%%

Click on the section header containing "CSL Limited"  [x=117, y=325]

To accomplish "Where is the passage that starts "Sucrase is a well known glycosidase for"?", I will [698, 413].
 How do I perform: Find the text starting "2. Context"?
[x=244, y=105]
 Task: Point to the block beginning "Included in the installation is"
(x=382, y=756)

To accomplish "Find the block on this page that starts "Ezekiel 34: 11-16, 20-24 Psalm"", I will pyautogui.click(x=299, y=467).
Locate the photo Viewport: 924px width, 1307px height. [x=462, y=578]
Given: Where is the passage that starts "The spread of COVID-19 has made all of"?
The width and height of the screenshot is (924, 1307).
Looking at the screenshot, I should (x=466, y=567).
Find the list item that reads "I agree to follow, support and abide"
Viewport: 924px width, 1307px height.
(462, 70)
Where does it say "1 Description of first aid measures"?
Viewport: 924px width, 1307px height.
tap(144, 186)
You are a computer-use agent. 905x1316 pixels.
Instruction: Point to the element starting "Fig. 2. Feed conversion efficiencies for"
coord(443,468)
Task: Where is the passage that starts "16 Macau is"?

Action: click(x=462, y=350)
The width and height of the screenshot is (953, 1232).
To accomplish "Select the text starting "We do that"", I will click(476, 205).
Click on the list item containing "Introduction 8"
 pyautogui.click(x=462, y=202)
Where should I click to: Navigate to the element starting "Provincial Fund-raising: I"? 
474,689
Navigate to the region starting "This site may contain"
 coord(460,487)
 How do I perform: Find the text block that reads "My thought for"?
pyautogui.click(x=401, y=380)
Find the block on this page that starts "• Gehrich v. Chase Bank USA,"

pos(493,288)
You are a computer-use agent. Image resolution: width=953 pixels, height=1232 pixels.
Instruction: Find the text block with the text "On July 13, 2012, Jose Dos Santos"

%%

Look through the records and gather each line with the word "agent".

**Answer**
You are a computer-use agent. 905x1316 pixels.
You are a computer-use agent. Image resolution: width=953 pixels, height=1232 pixels.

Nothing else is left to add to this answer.